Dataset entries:
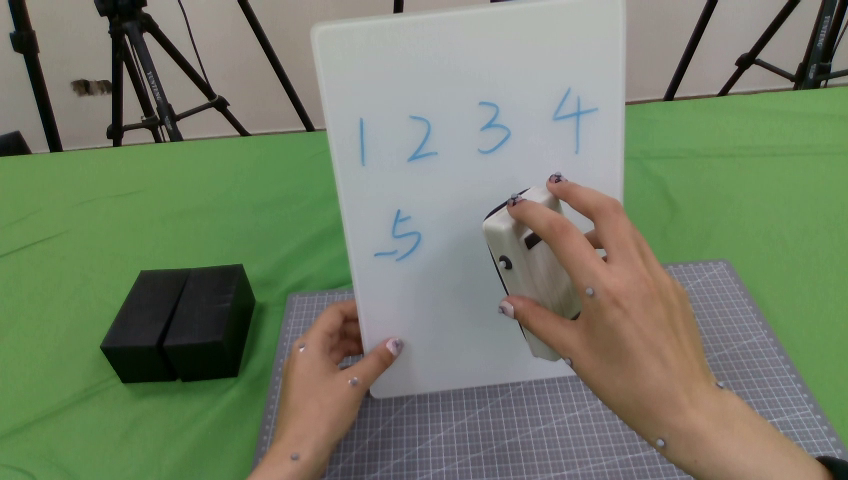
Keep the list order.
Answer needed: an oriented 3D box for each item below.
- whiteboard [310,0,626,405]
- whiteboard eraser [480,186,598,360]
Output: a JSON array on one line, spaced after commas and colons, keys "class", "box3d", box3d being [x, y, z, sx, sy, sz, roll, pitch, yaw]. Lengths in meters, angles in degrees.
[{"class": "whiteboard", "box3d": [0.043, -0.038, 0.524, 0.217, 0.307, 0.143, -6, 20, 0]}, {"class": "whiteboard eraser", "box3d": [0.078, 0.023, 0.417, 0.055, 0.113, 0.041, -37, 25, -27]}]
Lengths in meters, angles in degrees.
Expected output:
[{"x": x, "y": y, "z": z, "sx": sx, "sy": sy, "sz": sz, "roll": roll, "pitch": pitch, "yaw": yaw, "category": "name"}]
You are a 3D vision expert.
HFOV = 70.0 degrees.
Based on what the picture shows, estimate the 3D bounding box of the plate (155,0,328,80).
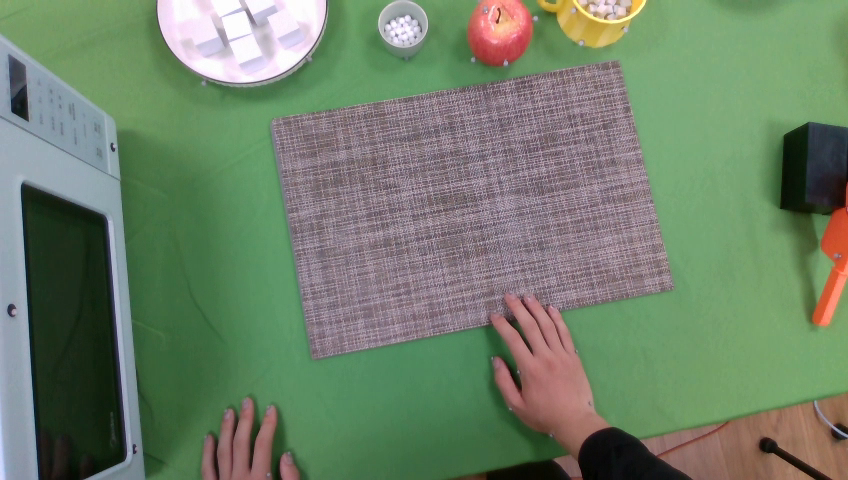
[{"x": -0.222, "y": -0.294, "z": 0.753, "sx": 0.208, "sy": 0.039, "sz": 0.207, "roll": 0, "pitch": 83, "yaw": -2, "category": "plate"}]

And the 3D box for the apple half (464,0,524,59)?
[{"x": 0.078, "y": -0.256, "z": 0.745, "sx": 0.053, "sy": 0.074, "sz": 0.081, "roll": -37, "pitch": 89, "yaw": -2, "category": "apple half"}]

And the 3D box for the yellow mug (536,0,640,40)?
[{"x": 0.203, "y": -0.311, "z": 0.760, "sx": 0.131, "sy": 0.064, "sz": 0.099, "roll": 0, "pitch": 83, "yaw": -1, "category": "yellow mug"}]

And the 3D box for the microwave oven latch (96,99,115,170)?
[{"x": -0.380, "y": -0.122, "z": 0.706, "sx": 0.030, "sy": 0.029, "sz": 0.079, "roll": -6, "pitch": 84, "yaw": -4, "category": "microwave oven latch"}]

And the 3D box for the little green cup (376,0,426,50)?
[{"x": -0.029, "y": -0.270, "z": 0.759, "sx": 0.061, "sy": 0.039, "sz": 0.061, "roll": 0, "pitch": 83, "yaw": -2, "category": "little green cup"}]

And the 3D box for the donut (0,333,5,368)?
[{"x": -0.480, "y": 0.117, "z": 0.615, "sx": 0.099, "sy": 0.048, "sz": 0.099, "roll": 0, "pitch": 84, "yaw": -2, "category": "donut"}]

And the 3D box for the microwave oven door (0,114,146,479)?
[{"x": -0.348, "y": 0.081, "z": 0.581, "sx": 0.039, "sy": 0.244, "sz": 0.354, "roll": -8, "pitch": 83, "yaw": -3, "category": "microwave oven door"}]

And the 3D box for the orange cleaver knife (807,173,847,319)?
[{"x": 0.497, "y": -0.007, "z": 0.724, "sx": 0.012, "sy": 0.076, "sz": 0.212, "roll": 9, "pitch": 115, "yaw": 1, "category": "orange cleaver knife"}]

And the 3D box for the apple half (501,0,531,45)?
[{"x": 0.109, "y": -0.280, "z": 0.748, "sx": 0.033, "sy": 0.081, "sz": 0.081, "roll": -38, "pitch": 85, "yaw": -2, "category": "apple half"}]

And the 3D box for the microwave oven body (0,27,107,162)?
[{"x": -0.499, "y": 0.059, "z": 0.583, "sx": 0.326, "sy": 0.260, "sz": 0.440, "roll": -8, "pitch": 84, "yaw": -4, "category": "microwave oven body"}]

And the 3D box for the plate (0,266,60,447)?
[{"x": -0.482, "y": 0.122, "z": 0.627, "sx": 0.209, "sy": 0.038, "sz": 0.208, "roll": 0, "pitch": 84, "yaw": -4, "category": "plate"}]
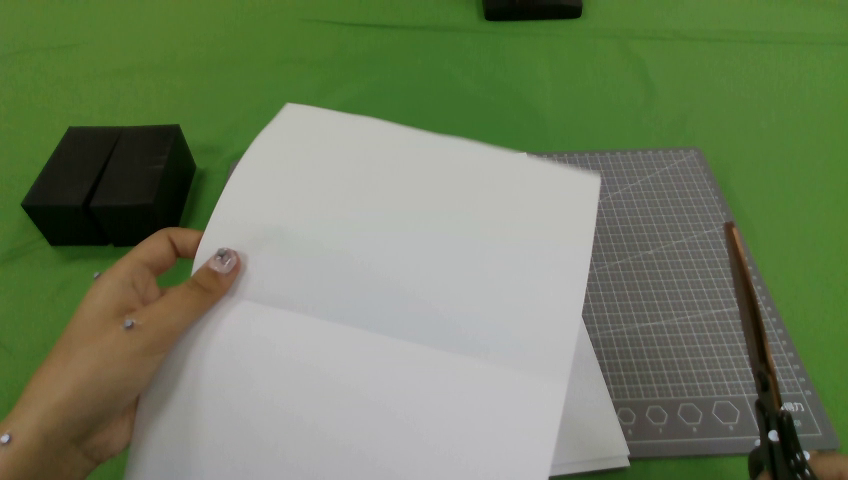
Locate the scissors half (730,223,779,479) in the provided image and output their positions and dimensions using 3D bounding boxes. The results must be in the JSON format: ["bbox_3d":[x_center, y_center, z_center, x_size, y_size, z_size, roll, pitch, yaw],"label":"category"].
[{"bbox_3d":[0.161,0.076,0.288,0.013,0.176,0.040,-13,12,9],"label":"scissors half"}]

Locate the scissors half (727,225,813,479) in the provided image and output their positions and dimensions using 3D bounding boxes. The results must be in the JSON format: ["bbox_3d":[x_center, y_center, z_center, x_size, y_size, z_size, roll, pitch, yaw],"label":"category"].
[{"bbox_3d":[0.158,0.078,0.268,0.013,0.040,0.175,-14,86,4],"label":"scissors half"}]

What is being asked: Leave out the pictures and retype every line above exactly.

Task response:
Keep the list order.
Answer needed: an oriented 3D box for each item below.
- whiteboard [310,0,626,405]
- whiteboard eraser [480,186,598,360]
Output: a JSON array on one line, spaced after commas and colons, keys "class", "box3d", box3d being [x, y, z, sx, sy, sz, roll, pitch, yaw]. Lengths in meters, angles in degrees.
[{"class": "whiteboard", "box3d": [0.043, -0.038, 0.524, 0.217, 0.307, 0.143, -6, 20, 0]}, {"class": "whiteboard eraser", "box3d": [0.078, 0.023, 0.417, 0.055, 0.113, 0.041, -37, 25, -27]}]
Lengths in meters, angles in degrees.
Expected output:
[{"x": x, "y": y, "z": z, "sx": sx, "sy": sy, "sz": sz, "roll": roll, "pitch": pitch, "yaw": yaw, "category": "name"}]
You are a 3D vision expert.
HFOV = 70.0 degrees.
Based on what the picture shows, estimate the 3D bounding box of the plate (155,0,328,80).
[{"x": -0.222, "y": -0.294, "z": 0.753, "sx": 0.208, "sy": 0.039, "sz": 0.207, "roll": 0, "pitch": 83, "yaw": -2, "category": "plate"}]

And the 3D box for the apple half (464,0,524,59)?
[{"x": 0.078, "y": -0.256, "z": 0.745, "sx": 0.053, "sy": 0.074, "sz": 0.081, "roll": -37, "pitch": 89, "yaw": -2, "category": "apple half"}]

And the 3D box for the yellow mug (536,0,640,40)?
[{"x": 0.203, "y": -0.311, "z": 0.760, "sx": 0.131, "sy": 0.064, "sz": 0.099, "roll": 0, "pitch": 83, "yaw": -1, "category": "yellow mug"}]

And the 3D box for the microwave oven latch (96,99,115,170)?
[{"x": -0.380, "y": -0.122, "z": 0.706, "sx": 0.030, "sy": 0.029, "sz": 0.079, "roll": -6, "pitch": 84, "yaw": -4, "category": "microwave oven latch"}]

And the 3D box for the little green cup (376,0,426,50)?
[{"x": -0.029, "y": -0.270, "z": 0.759, "sx": 0.061, "sy": 0.039, "sz": 0.061, "roll": 0, "pitch": 83, "yaw": -2, "category": "little green cup"}]

And the 3D box for the donut (0,333,5,368)?
[{"x": -0.480, "y": 0.117, "z": 0.615, "sx": 0.099, "sy": 0.048, "sz": 0.099, "roll": 0, "pitch": 84, "yaw": -2, "category": "donut"}]

And the 3D box for the microwave oven door (0,114,146,479)?
[{"x": -0.348, "y": 0.081, "z": 0.581, "sx": 0.039, "sy": 0.244, "sz": 0.354, "roll": -8, "pitch": 83, "yaw": -3, "category": "microwave oven door"}]

And the 3D box for the orange cleaver knife (807,173,847,319)?
[{"x": 0.497, "y": -0.007, "z": 0.724, "sx": 0.012, "sy": 0.076, "sz": 0.212, "roll": 9, "pitch": 115, "yaw": 1, "category": "orange cleaver knife"}]

And the 3D box for the apple half (501,0,531,45)?
[{"x": 0.109, "y": -0.280, "z": 0.748, "sx": 0.033, "sy": 0.081, "sz": 0.081, "roll": -38, "pitch": 85, "yaw": -2, "category": "apple half"}]

And the 3D box for the microwave oven body (0,27,107,162)?
[{"x": -0.499, "y": 0.059, "z": 0.583, "sx": 0.326, "sy": 0.260, "sz": 0.440, "roll": -8, "pitch": 84, "yaw": -4, "category": "microwave oven body"}]

And the 3D box for the plate (0,266,60,447)?
[{"x": -0.482, "y": 0.122, "z": 0.627, "sx": 0.209, "sy": 0.038, "sz": 0.208, "roll": 0, "pitch": 84, "yaw": -4, "category": "plate"}]
Locate the scissors half (730,223,779,479) in the provided image and output their positions and dimensions using 3D bounding boxes. The results must be in the JSON format: ["bbox_3d":[x_center, y_center, z_center, x_size, y_size, z_size, roll, pitch, yaw],"label":"category"].
[{"bbox_3d":[0.161,0.076,0.288,0.013,0.176,0.040,-13,12,9],"label":"scissors half"}]

Locate the scissors half (727,225,813,479) in the provided image and output their positions and dimensions using 3D bounding boxes. The results must be in the JSON format: ["bbox_3d":[x_center, y_center, z_center, x_size, y_size, z_size, roll, pitch, yaw],"label":"category"].
[{"bbox_3d":[0.158,0.078,0.268,0.013,0.040,0.175,-14,86,4],"label":"scissors half"}]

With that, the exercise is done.